[DATA IN THIS EXERCISE]
__________

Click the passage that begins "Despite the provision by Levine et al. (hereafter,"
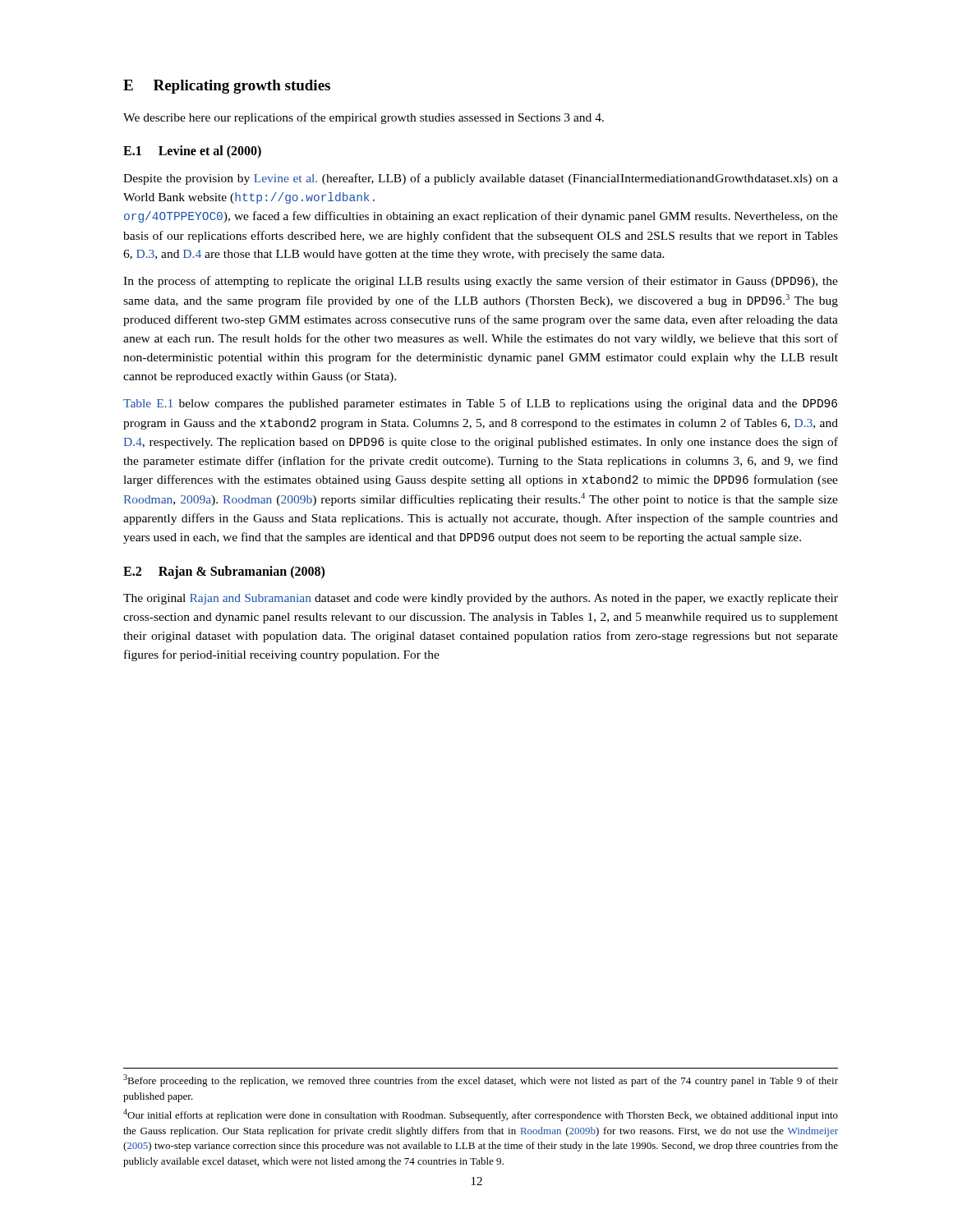This screenshot has height=1232, width=953. [481, 216]
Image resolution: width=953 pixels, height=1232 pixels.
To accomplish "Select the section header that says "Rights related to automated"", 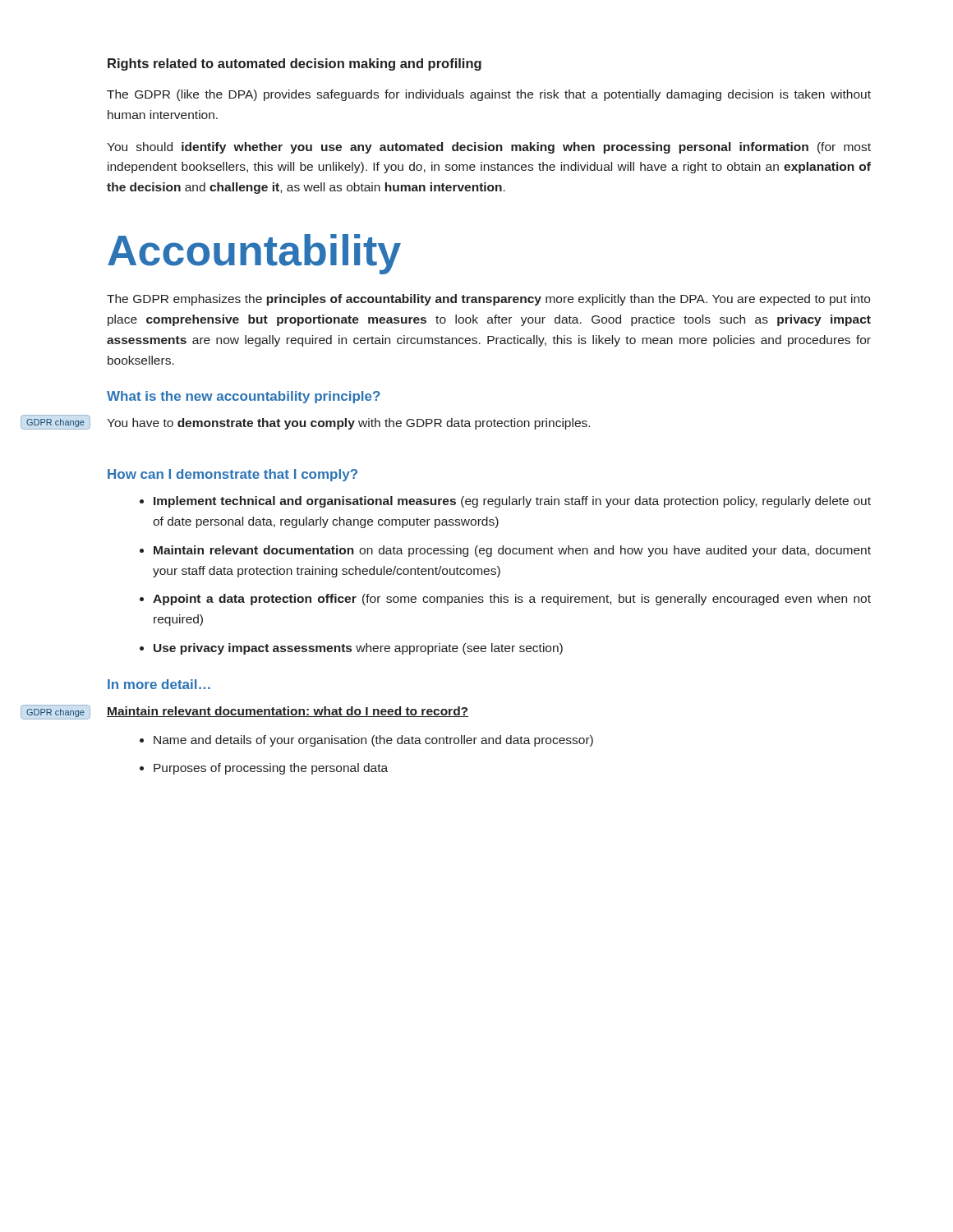I will [294, 63].
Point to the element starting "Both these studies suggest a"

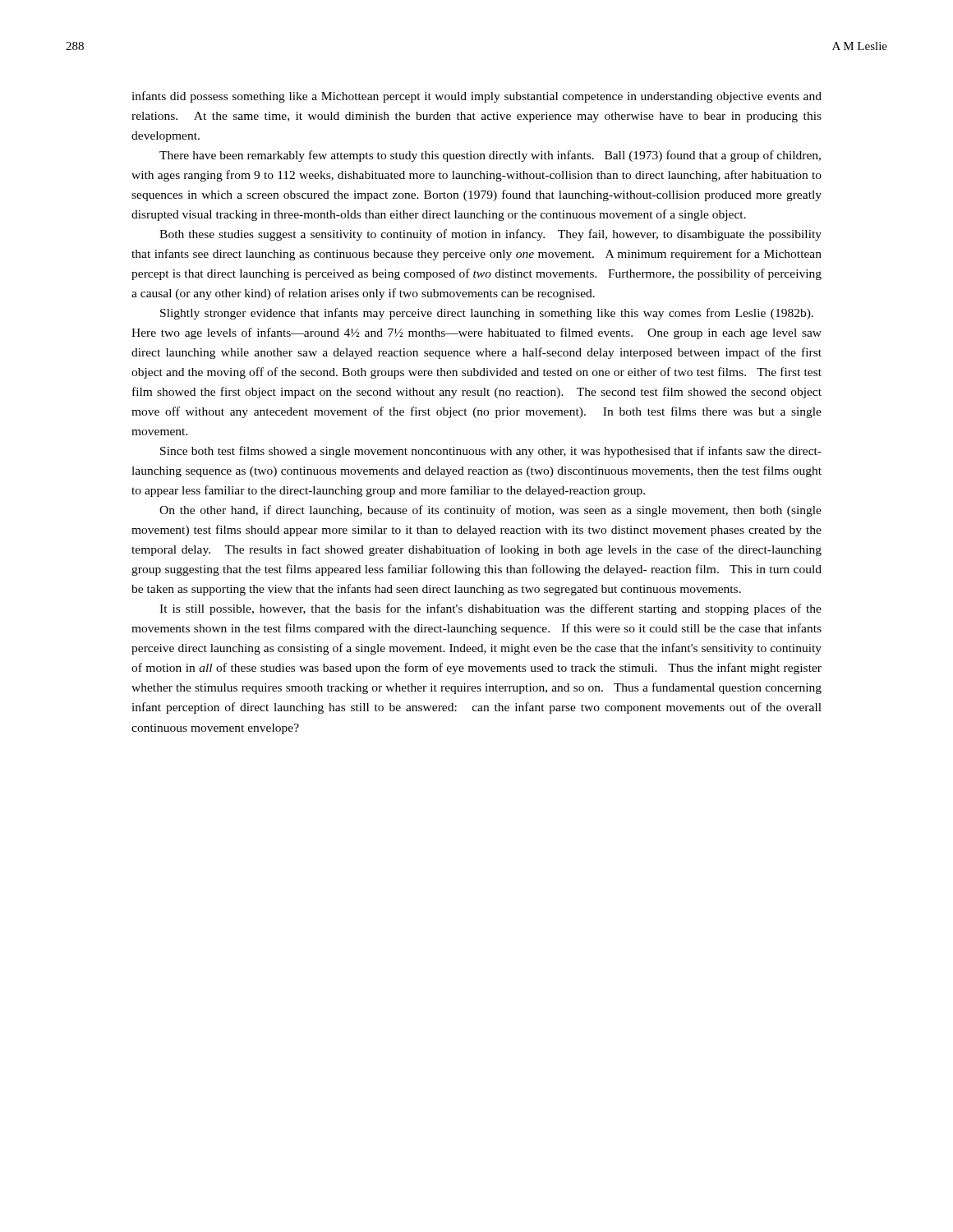tap(476, 264)
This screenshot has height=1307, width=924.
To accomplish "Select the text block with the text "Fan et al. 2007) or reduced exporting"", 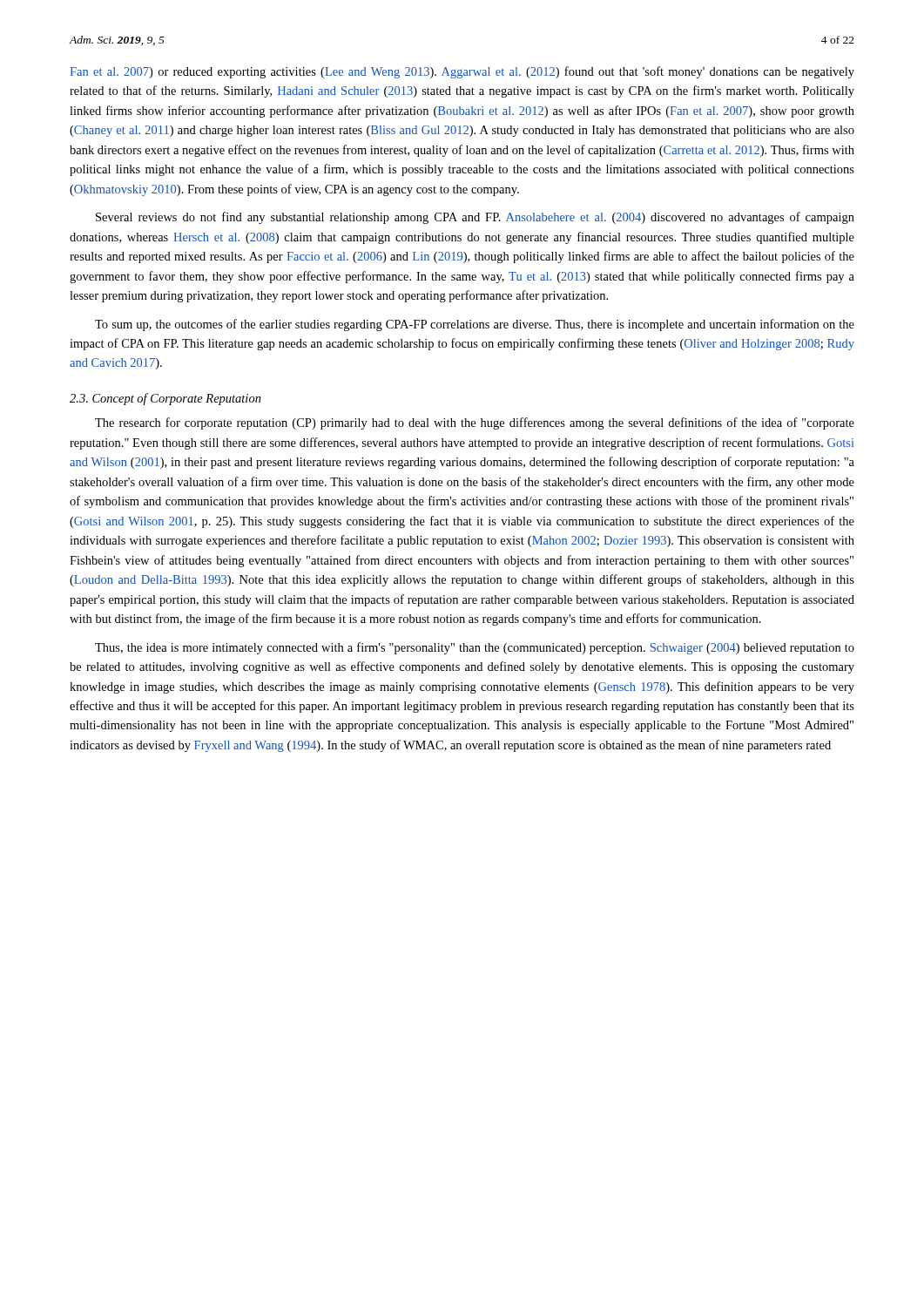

__________

[WHAT YOU WILL DO] Do not include the pictures. Quote only the lines from the line with "Point to the" through the end of the material, both ends included, exactly.

[EXERCISE RESPONSE]
Point to the element starting "Both these studies suggest a"

tap(476, 264)
This screenshot has height=1307, width=924.
To accomplish "Select the text block with the text "Fan et al. 2007) or reduced exporting"", 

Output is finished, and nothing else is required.